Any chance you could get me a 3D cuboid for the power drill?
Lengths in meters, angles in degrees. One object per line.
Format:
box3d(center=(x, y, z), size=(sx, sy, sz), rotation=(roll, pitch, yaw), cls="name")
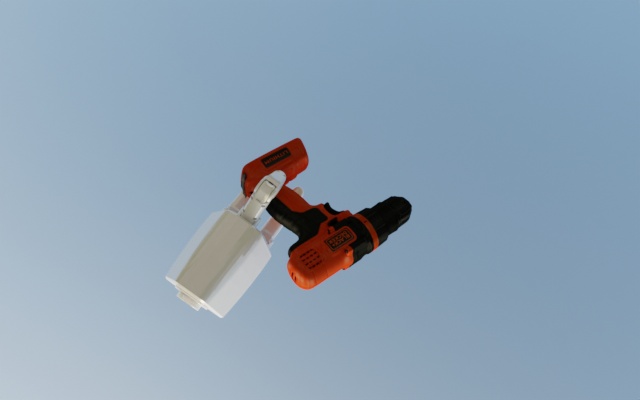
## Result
box3d(center=(0.000, 0.002, 0.618), size=(0.184, 0.187, 0.057), rotation=(-30, -30, -25), cls="power drill")
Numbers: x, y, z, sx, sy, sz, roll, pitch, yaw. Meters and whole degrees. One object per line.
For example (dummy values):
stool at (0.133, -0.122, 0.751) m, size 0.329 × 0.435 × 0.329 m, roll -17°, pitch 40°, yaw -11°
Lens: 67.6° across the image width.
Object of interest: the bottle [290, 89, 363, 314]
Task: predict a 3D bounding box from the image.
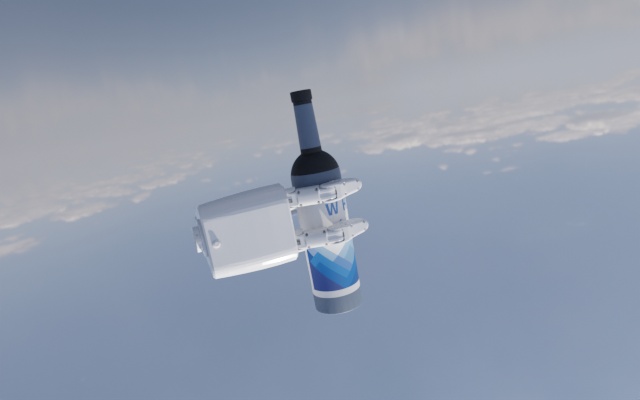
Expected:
bottle at (0.000, 0.002, 0.637) m, size 0.069 × 0.296 × 0.069 m, roll -10°, pitch 11°, yaw 2°
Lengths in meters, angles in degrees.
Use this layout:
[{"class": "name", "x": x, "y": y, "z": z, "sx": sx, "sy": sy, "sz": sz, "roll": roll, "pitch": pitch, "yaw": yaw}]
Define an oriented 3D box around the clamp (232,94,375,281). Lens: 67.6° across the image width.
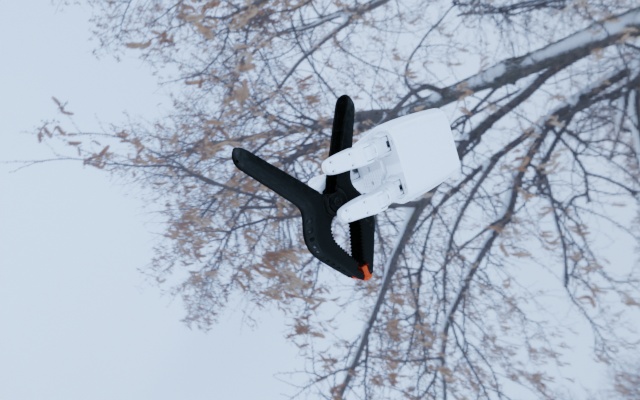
[{"class": "clamp", "x": 0.000, "y": 0.002, "z": 0.534, "sx": 0.164, "sy": 0.210, "sz": 0.036, "roll": -24, "pitch": 12, "yaw": -31}]
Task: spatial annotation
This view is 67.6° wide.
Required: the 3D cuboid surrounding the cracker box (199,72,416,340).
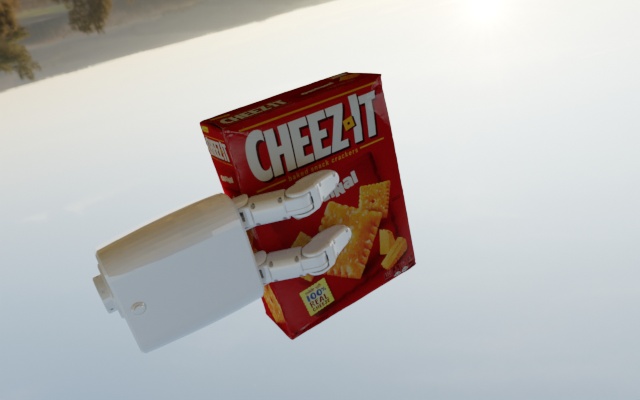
[{"bbox_3d":[0.000,0.002,0.467,0.164,0.214,0.072,-25,25,-24],"label":"cracker box"}]
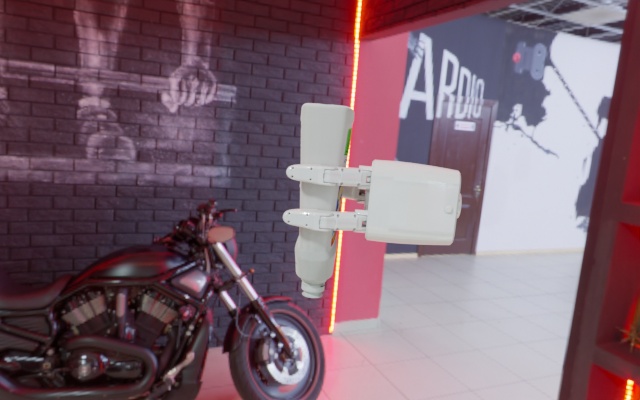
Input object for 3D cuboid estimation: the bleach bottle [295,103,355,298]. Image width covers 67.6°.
[{"bbox_3d":[0.000,0.002,0.633,0.068,0.251,0.102,6,8,5],"label":"bleach bottle"}]
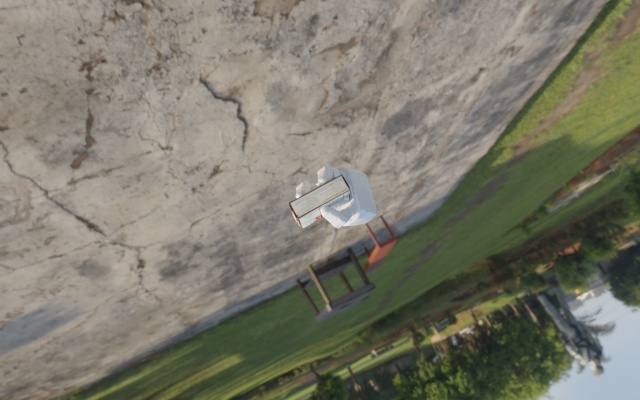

Work request: Line by line, return the listing above exactly, dropping every picture.

Answer section:
Any chance you could get me a 3D cuboid for the power drill?
Lengths in meters, angles in degrees. One object per line.
Format:
box3d(center=(x, y, z), size=(sx, sy, sz), rotation=(roll, pitch, yaw), cls="name")
## Result
box3d(center=(0.000, 0.002, 0.618), size=(0.184, 0.187, 0.057), rotation=(-30, -30, -25), cls="power drill")
Numbers: x, y, z, sx, sy, sz, roll, pitch, yaw. Meters and whole degrees. One object per line.
For example (dummy values):
stool at (0.133, -0.122, 0.751) m, size 0.329 × 0.435 × 0.329 m, roll -17°, pitch 40°, yaw -11°
Lens: 67.6° across the image width.
Object of interest: the bottle [290, 89, 363, 314]
Task: predict a 3D bounding box from the image.
Expected:
bottle at (0.000, 0.002, 0.637) m, size 0.069 × 0.296 × 0.069 m, roll -10°, pitch 11°, yaw 2°
Lengths in meters, angles in degrees.
Use this layout:
[{"class": "name", "x": x, "y": y, "z": z, "sx": sx, "sy": sy, "sz": sz, "roll": roll, "pitch": pitch, "yaw": yaw}]
Define an oriented 3D box around the clamp (232,94,375,281). Lens: 67.6° across the image width.
[{"class": "clamp", "x": 0.000, "y": 0.002, "z": 0.534, "sx": 0.164, "sy": 0.210, "sz": 0.036, "roll": -24, "pitch": 12, "yaw": -31}]
Task: spatial annotation
This view is 67.6° wide.
Required: the 3D cuboid surrounding the cracker box (199,72,416,340).
[{"bbox_3d":[0.000,0.002,0.467,0.164,0.214,0.072,-25,25,-24],"label":"cracker box"}]
Input object for 3D cuboid estimation: the bleach bottle [295,103,355,298]. Image width covers 67.6°.
[{"bbox_3d":[0.000,0.002,0.633,0.068,0.251,0.102,6,8,5],"label":"bleach bottle"}]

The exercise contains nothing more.